During the backcourt surge, the Blazers barely got the ball to Nurkic in scoring position. He wasn’t likely to batter down the gate himself during crunch time against Steven Adams anyway. By the way, Nurkic did well defending Adams in the post during their last meeting. This time Oklahoma City faced up Adams more, taking him ever so slightly farther out on the court to make Nurkic move more. Neither Nurkic nor the team adjusted well.
Not that it would have mattered, because Paul George was knocking them silly anyway, even with the best possible defenders on him. Portland’s dam didn’t just break, it crumbled, as it often does when a decent opposing player gets on a hot streak.
Long story short, Plan A wasn’t enough to win, but executing it took away the better parts of Plan B, which only succeeded for a limited time anyway. Plan C involved a lot of prayer, followed by a loss.
The post mortem on the game isn’t the point. Far more indicative: none of this is any kind of surprise to observers. When the Blazers go down, this is how it happens.
Sometimes the Blazers win despite their weaknesses. They win more than they lose, in fact! But at some point they find the opponent who taps their well-known vulnerabilities. For all the shiny accomplishments, they still don’t have an answer for that.
Imagine having a multi-million dollar home in the West Hills, situated right on top of a crumbling cliff. No matter how good it looks, it’s never secure. That’s the exact sense these Trail Blazers give off.

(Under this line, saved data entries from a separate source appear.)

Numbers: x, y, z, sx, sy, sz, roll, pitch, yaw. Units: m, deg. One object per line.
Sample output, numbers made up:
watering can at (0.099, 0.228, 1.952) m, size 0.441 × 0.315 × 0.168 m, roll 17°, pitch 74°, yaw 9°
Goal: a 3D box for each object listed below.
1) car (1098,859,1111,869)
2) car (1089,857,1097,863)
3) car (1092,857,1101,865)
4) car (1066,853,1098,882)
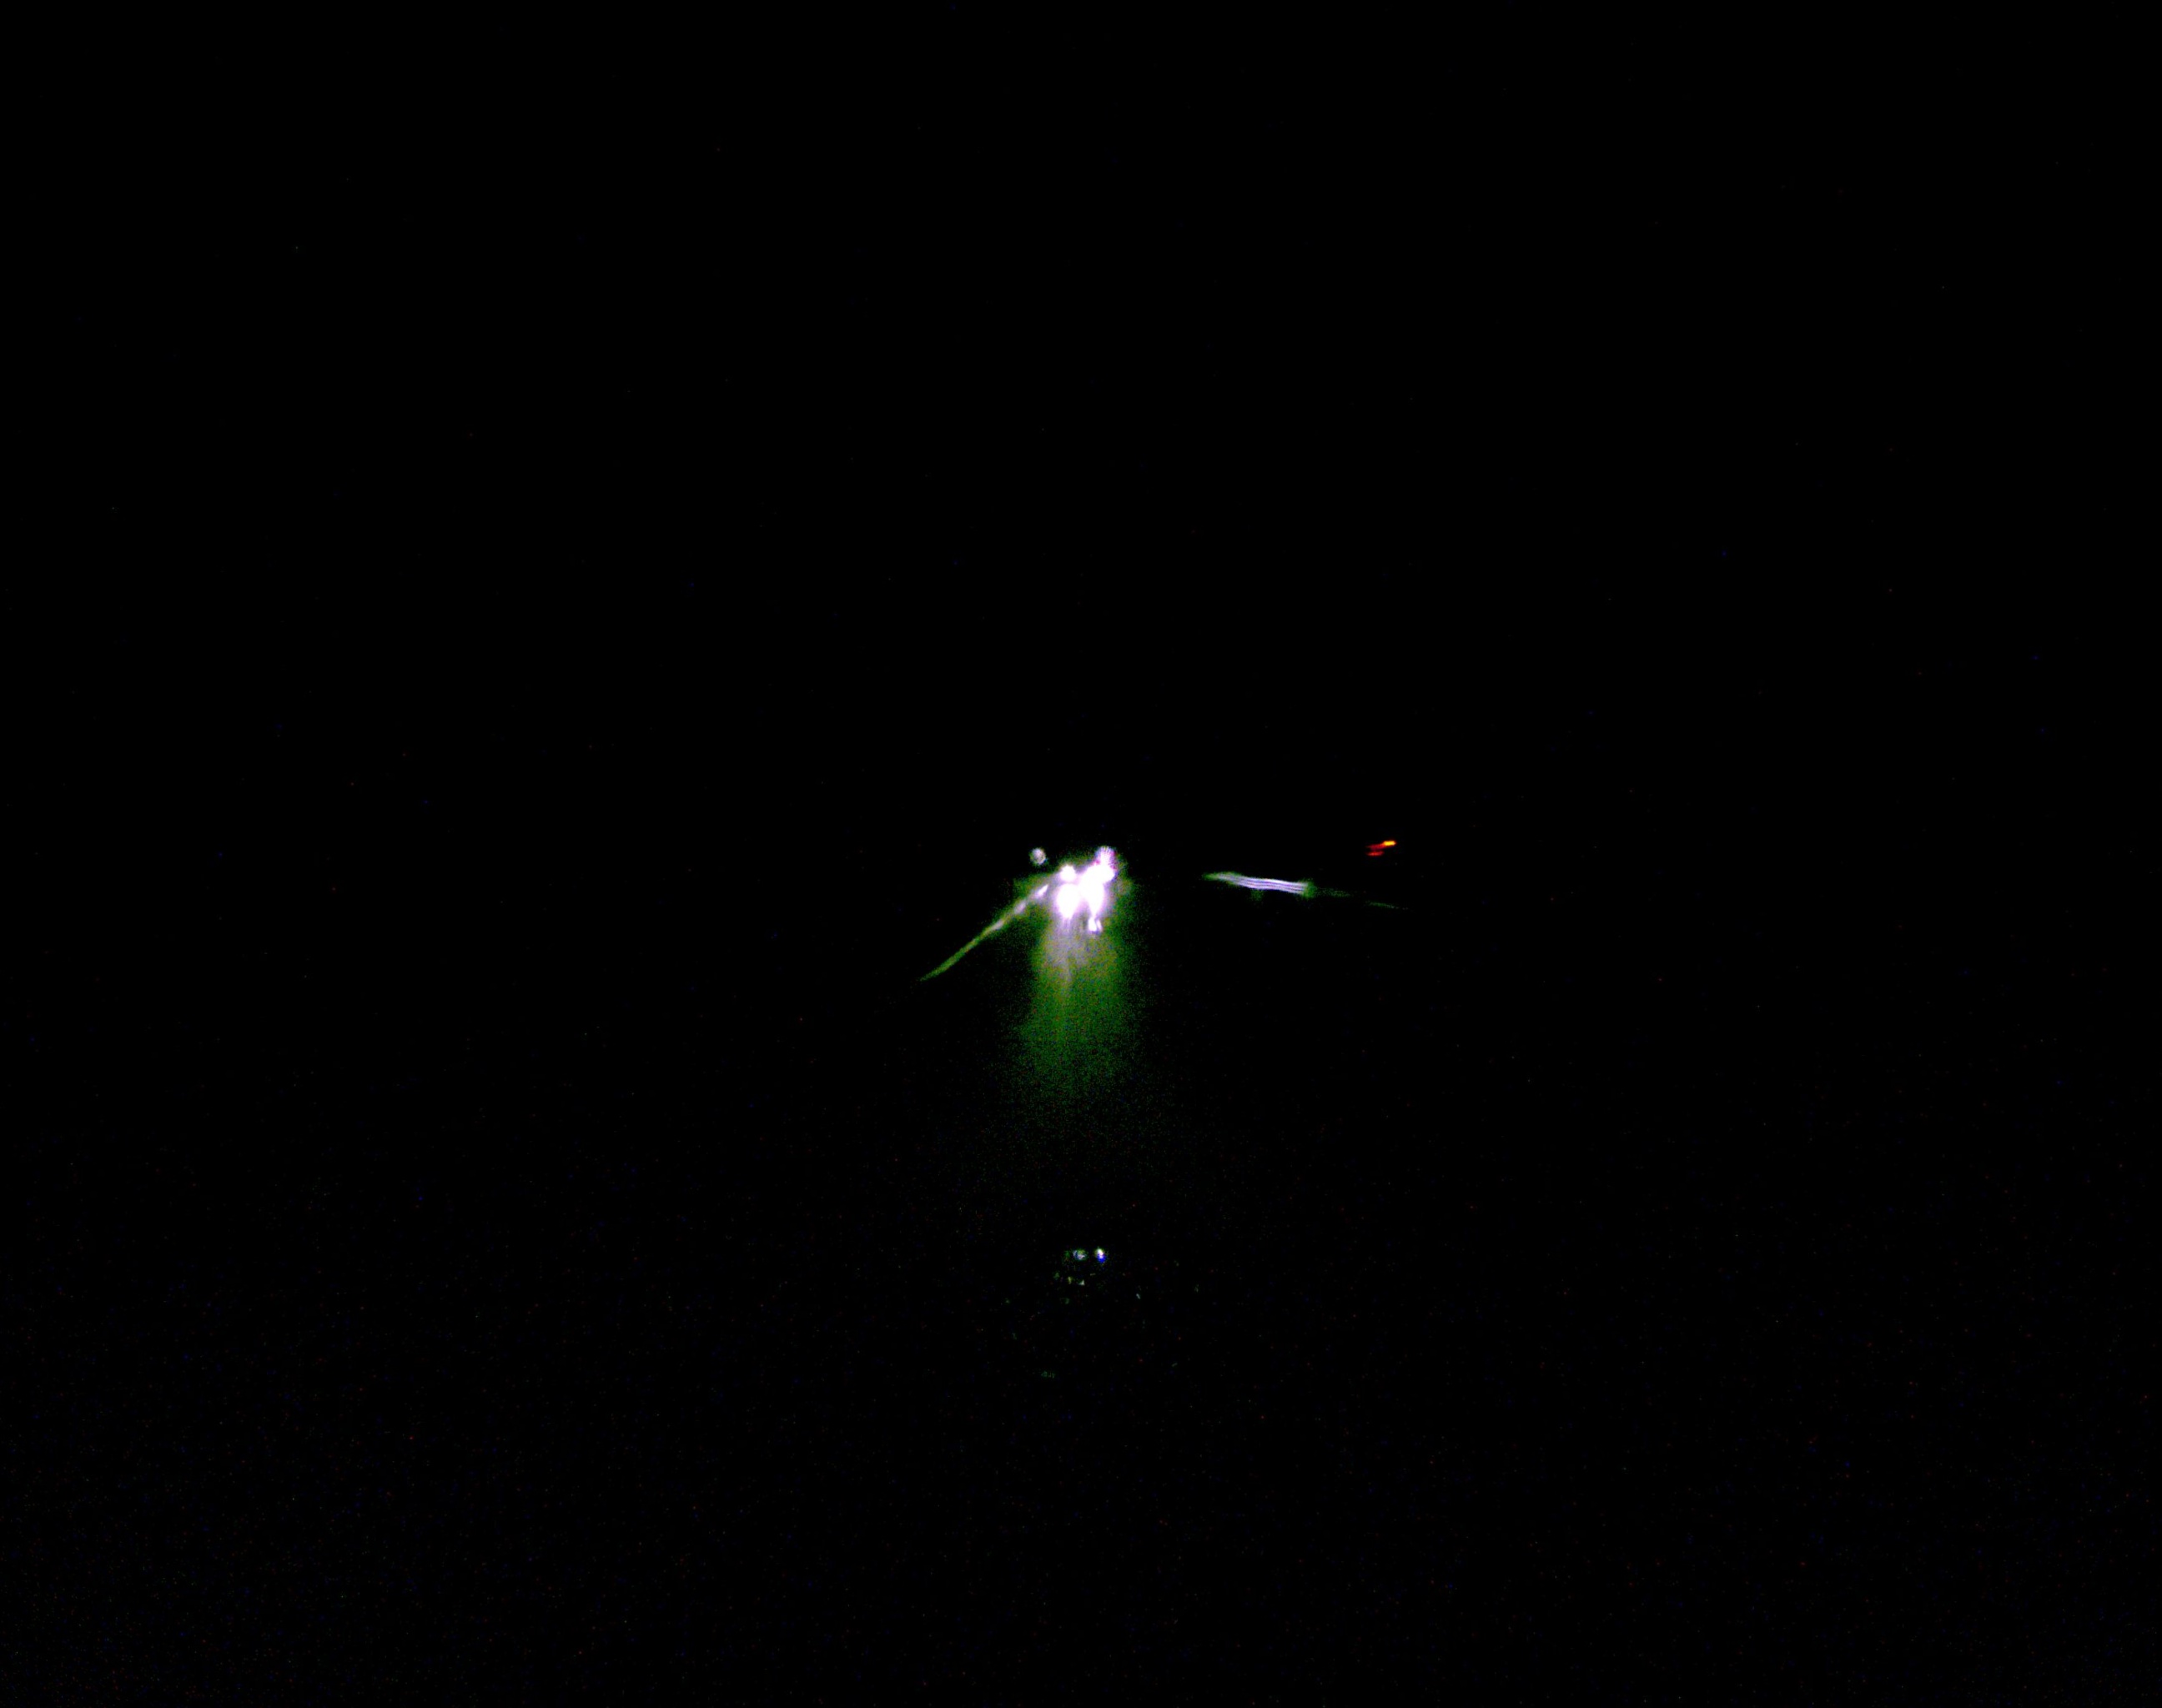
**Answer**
car at (3.874, 1.662, 125.923) m, size 1.841 × 1.462 × 4.391 m, roll -1°, pitch 0°, yaw -1°
car at (2.739, 1.377, 177.937) m, size 1.833 × 1.447 × 3.793 m, roll 1°, pitch -1°, yaw 0°
car at (3.238, 1.486, 160.937) m, size 1.936 × 1.577 × 4.001 m, roll 1°, pitch -1°, yaw 1°
car at (0.048, 0.831, 49.891) m, size 1.998 × 1.804 × 4.000 m, roll -1°, pitch 0°, yaw 0°

The cliff analogy also provides their ultimate epitaph. Despite attempts to shore up, the precariously-perched house remains at the mercy of wind and weather. For all their talent and progress, the Blazers’ destiny is not in their control. If they draw the wrong matchup—teams with the ability to impede Lillard, overwhelm Nurkic into foul trouble, force the ball to the forwards, or stretch the defense with threes, for instance—they’re done. Opponents can’t (and don’t) always push those buttons, but the buttons remain.
The Western Conference standings are bunched up right now. Portland sits in the fourth seed, 5 games behind the Golden State Warriors. Want a bold prediction? If something happens to the Warriors (injuries?) and they can’t get separation, the Blazers are good enough to make up that gap, leapfrog the Thunder and Nuggets, and take the first seed into the playoffs. That could really happen.
Let’s say it did. Would anyone be confident that the Blazers would for sure win that first-round matchup against the Clippers, Jazz, Spurs, Lakers, or Rockets? Even if they did, all bets would be off in the second round.
That right there is the Trail Blazers in a nutshell. That’s why they can’t let seeding position, trophy victories, or plain old complacency determine their moves at the trade deadline or in the summer. They have to back-fill some of those predictable fault lines before the tectonic pressure of the post-season ruptures them again. Otherwise we’ll continue to see glorious victories followed by maddening defeats. That’s still pretty good, but it’s not what the franchise should be aiming at.